WHAT THE TASK ASKS =
Copy each line below in which the string "image" occurs.

--- DATA PROVIDED ---

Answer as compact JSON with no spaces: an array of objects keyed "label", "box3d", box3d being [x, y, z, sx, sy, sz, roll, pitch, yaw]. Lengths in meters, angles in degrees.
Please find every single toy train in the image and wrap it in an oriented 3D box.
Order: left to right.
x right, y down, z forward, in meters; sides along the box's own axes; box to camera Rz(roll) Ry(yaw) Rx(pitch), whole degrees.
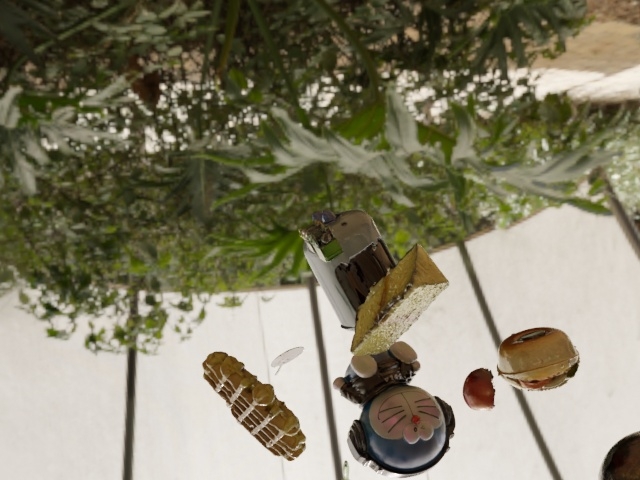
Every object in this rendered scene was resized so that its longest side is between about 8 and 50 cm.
[{"label":"toy train","box3d":[0.000,0.000,1.620,0.060,0.081,0.202,-30,-169,-7]}]

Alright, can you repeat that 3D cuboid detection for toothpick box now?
[{"label":"toothpick box","box3d":[0.087,0.065,2.091,0.262,0.355,0.263,-27,-166,7]}]

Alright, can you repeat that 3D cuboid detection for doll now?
[{"label":"doll","box3d":[0.188,0.440,1.781,0.284,0.310,0.240,-18,149,-22]}]

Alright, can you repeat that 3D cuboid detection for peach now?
[{"label":"peach","box3d":[0.337,0.321,1.515,0.061,0.098,0.098,0,179,-7]}]

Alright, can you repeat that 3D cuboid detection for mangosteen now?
[{"label":"mangosteen","box3d":[0.623,0.484,1.290,0.231,0.289,0.231,-5,-144,4]}]

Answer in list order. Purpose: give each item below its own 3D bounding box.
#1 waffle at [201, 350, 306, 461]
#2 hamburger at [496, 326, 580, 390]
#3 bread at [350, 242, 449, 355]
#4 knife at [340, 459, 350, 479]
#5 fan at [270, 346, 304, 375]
[{"label":"waffle","box3d":[-0.131,0.329,1.390,0.249,0.253,0.056,25,-124,35]},{"label":"hamburger","box3d":[0.578,0.317,1.891,0.236,0.148,0.237,-16,-177,1]},{"label":"bread","box3d":[0.171,0.145,1.603,0.141,0.178,0.266,25,125,-23]},{"label":"knife","box3d":[0.080,0.767,2.272,0.030,0.207,0.014,-13,-138,-11]},{"label":"fan","box3d":[-0.083,0.278,1.617,0.085,0.005,0.133,-14,151,-33]}]
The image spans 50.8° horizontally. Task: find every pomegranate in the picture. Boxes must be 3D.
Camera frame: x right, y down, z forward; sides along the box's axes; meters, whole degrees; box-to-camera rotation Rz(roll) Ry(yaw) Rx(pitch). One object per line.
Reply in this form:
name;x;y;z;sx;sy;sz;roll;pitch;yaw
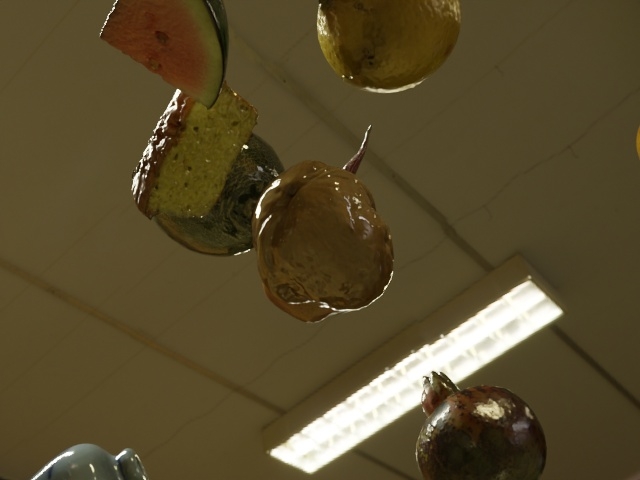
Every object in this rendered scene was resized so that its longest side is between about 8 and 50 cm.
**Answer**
pomegranate;0.320;0.413;1.469;0.285;0.340;0.285;-15;-52;-20

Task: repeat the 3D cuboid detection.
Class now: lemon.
lemon;0.123;-0.372;1.149;0.254;0.228;0.228;-19;-49;-8

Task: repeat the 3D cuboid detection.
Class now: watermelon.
watermelon;-0.151;-0.256;0.713;0.137;0.145;0.193;5;-38;10

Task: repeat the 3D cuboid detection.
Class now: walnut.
walnut;0.000;0.000;0.691;0.149;0.166;0.166;-44;-49;-14

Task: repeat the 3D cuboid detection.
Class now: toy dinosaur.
toy dinosaur;0.023;-0.075;1.073;0.053;0.167;0.242;36;-81;-14

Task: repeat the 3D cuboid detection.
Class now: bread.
bread;-0.155;-0.109;0.822;0.103;0.065;0.187;19;-84;-48

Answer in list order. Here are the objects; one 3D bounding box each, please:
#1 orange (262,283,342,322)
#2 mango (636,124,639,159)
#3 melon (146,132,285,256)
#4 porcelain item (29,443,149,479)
orange;0.007;0.055;1.389;0.249;0.249;0.183;3;-52;-14
mango;0.302;-0.045;0.465;0.184;0.085;0.102;32;-43;-11
melon;-0.201;-0.099;1.229;0.249;0.329;0.248;-12;-69;-35
porcelain item;-0.361;0.372;0.907;0.259;0.141;0.141;-27;-47;-16

---

THE COMPLETED TASK =
Please find every single toy train in the image and wrap it in an oriented 3D box.
The image spans 50.8° horizontally. Task: find every pomegranate in the picture. Boxes must be 3D.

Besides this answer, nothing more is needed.